Further clinical development of PF74, a lead compound targeting HIV-1 capsid, is impeded by low antiviral activity and inferior metabolic stability. By modifying the benzene (region I) and indole of PF74, we identified two potent compounds (7m and 7u) with significantly improved metabolic stability. Compared to PF74, 7u displayed greater metabolic stability in human liver microsomes (HLMs) with half-life (t_1/2) 109-fold that of PF74. Moreover, mechanism of action (MOA) studies demonstrated that 7m and 7u effectively mirrored the MOA of compounds that interact within the PF74 interprotomer pocket, showing direct and robust interactions with recombinant CA, and 7u displaying antiviral effects in both the early and late stages of HIV-1 replication.

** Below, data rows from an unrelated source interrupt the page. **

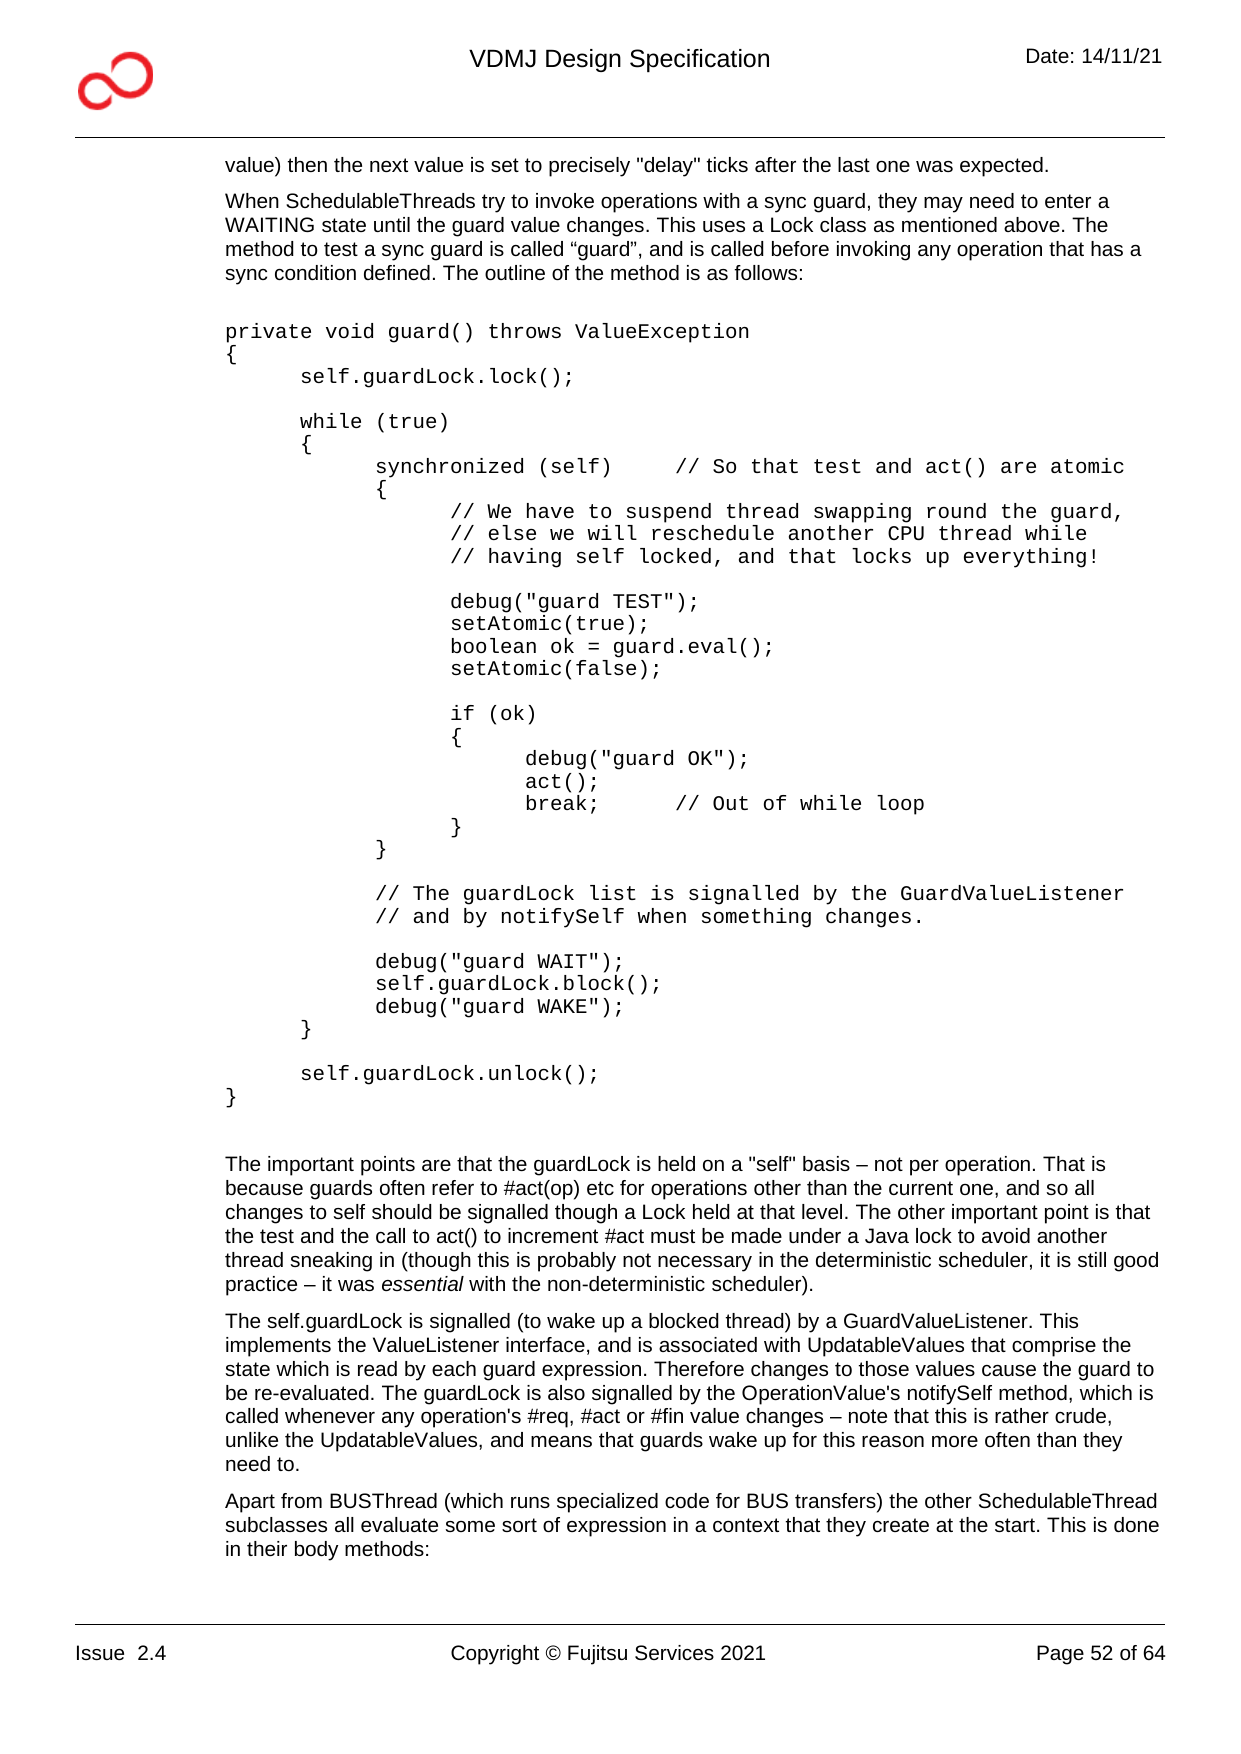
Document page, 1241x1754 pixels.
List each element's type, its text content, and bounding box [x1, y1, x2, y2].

text debug("guard WAIT"); [225, 950, 1165, 973]
text } [225, 1018, 1165, 1040]
text { [225, 433, 1165, 455]
text { [225, 478, 1165, 500]
text // The guardLock list is signalled by the GuardValueListener [225, 883, 1165, 905]
text // and by notifySelf when something changes. [225, 905, 1165, 928]
text self.guardLock.block(); [225, 973, 1165, 995]
text { [225, 343, 1165, 365]
text synchronized (self) // So that test and act() are atomic [225, 455, 1165, 478]
text } [225, 1085, 1165, 1108]
text boolean ok = guard.eval(); [225, 635, 1165, 658]
text debug("guard WAKE"); [225, 995, 1165, 1018]
text setAtomic(true); [225, 613, 1165, 635]
text while (true) [225, 410, 1165, 433]
text self.guardLock.unlock(); [225, 1063, 1165, 1085]
text debug("guard TEST"); [225, 590, 1165, 613]
text The important points are that the guardLock is held on a "self" basis – not per operation. That is because guards often refer to #act(op) etc for operations other than the current one, and so all changes to self should be signalled though a Lock held at that level. The other important point is that the test and the call to act() to increment #act must be made under a Java lock to avoid another thread sneaking in (though this is probably not necessary in the deterministic scheduler, it is still good practice – it was essential with the non-deterministic scheduler). [225, 1153, 1165, 1296]
text When SchedulableThreads try to invoke operations with a sync guard, they may need to enter a WAITING state until the guard value changes. This uses a Lock class as mentioned above. The method to test a sync guard is called “guard”, and is called before invoking any operation that has a sync condition defined. The outline of the method is as follows: [225, 189, 1165, 285]
text break; // Out of while loop [225, 793, 1165, 815]
text Apart from BUSThread (which runs specialized code for BUS transfers) the other SchedulableThread subclasses all evaluate some sort of expression in a context that they create at the start. This is done in their body methods: [225, 1489, 1165, 1561]
text value) then the next value is set to precisely "delay" ticks after the last one was expected. [225, 153, 1165, 177]
text // having self locked, and that locks up everything! [225, 545, 1165, 568]
text // else we will reschedule another CPU thread while [225, 523, 1165, 545]
text act(); [225, 770, 1165, 793]
text self.guardLock.lock(); [225, 365, 1165, 388]
picture [78, 44, 153, 120]
text setAtomic(false); [225, 658, 1165, 680]
text } [225, 838, 1165, 860]
text } [225, 815, 1165, 838]
text // We have to suspend thread swapping round the guard, [225, 500, 1165, 523]
text { [225, 725, 1165, 748]
text debug("guard OK"); [225, 748, 1165, 770]
text The self.guardLock is signalled (to wake up a blocked thread) by a GuardValueListener. This implements the ValueListener interface, and is associated with UpdatableValues that comprise the state which is read by each guard expression. Therefore changes to those values cause the guard to be re-evaluated. The guardLock is also signalled by the OperationValue's notifySelf method, which is called whenever any operation's #req, #act or #fin value changes – note that this is rather crude, unlike the UpdatableValues, and means that guards wake up for this reason more often than they need to. [225, 1309, 1165, 1477]
text if (ok) [225, 703, 1165, 725]
text private void guard() throws ValueException [225, 320, 1165, 343]

Furthermore, MD simulation corroborated that 7u was bound to the PF74 binding site, and the results of the online molinspiration software predicted that 7m and 7u had desirable physicochemical properties. Unexpectedly, this series of compounds exhibited better antiviral activity than PF74 against HIV-2, represented by compound 7m whose anti-HIV-2 activity was almost 5 times increased potency over PF74. Therefore, we have rationally redesigned the PF74 chemotype to inhibitors with novel structures and enhanced metabolic stability in this study. We hope that these new compounds can serve as a blueprint for developing a new generation of HIV treatment regimens.

PF74 （一种针对 HIV-1 衣壳的先导化合物）的进一步临床开发受到抗病毒活性低和代谢稳定性差的阻碍。通过修饰PF74的苯（I区）和吲哚，我们确定了两种有效的化合物（7m和7u），其代谢稳定性显着提高。与PF74相比，7u在人肝微粒体 (HLM) 中表现出更高的代谢稳定性，半衰期 (t _{1/2 ) 是}PF74的 109 倍。此外，作用机制 (MOA) 研究表明，7m和7u有效地反映了在PF74 原体间口袋内相互作用的化合物的 MOA ，显示出与重组 CA 的直接和稳健的相互作用，并且7u在 HIV-1 复制的早期和晚期都显示出抗病毒作用。此外，MD 模拟证实7u与PF74结合位点结合，在线 molinspiration 软件的结果预测7m和7u具有理想的理化性质。没想到这一系列化合物对HIV-2表现出比PF74更好的抗病毒活性，以化合物7m为代表其抗 HIV-2 活性几乎是PF74的 5 倍。因此，我们在本研究中合理地将PF74化学型重新设计为具有新结构和增强代谢稳定性的抑制剂。我们希望这些新化合物可以作为开发新一代 HIV 治疗方案的蓝图。